In choosing both panel participants and the discussant, attend to the institutional location. Don’t choose a set of participants all from one single institution. This is very common with inexperienced and frightened graduate students, who often will organize a panel with 3 other graduate students from their own department, and then a professor discussant FROM THEIR OWN DEPARTMENT. This is another kiss-of-death move for a panel. If you’re wondering—do people even notice this? Yes, they notice, and they avoid like the plague.
[Parenthentically, if you are a professor and you are asked to serve a discussant for a graduate student panel that is comprised entirely of students from your home department, be a mentor and tell them “no,” and tell them why: because they need to put their big girl pants on and go find a famous and potentially intimidating discussant from another campus whom they don’t already know.]

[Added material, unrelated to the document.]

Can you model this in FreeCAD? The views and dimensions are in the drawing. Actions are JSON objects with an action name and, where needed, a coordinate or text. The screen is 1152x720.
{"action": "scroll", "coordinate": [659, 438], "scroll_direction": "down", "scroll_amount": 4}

Once you have collected all the participants and the discussant, you can then submit the whole package to the conference review committee. You may have to solve small organizational problems such as, “who will serve as chair of the panel.” As organizer, you will likely want to serve as chair, as long as it does not prevent you from delivering a paper. You need to deliver a paper. And Dr. Famous Professor needs to SPEAK, because in speaking she will draw the audience that you want.
Et voila, you have organized a panel. If the panel is accepted, you hope that you will be given a decent time slot, ie, not Wednesday or Sunday, but as a graduate student, you don’t always get that wish granted.

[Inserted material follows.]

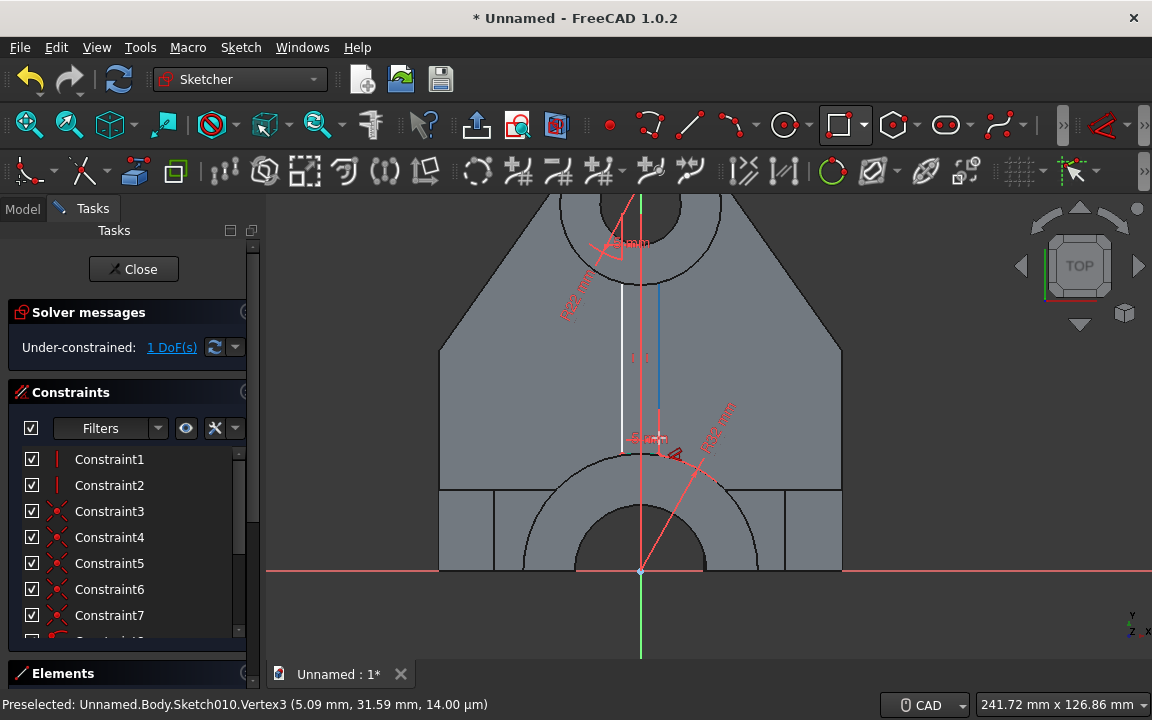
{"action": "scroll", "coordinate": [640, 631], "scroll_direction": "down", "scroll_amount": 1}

Once the panel is accepted, then you have the task of setting a deadline for your participants to submit their papers to you, which must be early enough to be able to give the discussant PLENTY of time to read and think on prior to the date of the panel. You do not want an angry or alienated Dr. Famous Professor on your hands, and late papers are one of the leading causes of anger among discussants who probably feel they are doing you a favor just agreeing to be on the panel in the first place, and certainly want to be treated with considerable respect and appreciation, not to mention professional courtesy.
Being the panel organizer gives you one other ace in the hole, and that is the panel get-together. This can be breakfast, lunch, dinner, or even just drinks, but as the organizer you do get to bring your little group together, with Dr. Famous Professor, for a little socializing at the conference. And this is good, very good. You get to know the young assistant professors, and they get to know you, and you all get to know the famous professor. This is how reputations are built and careers made.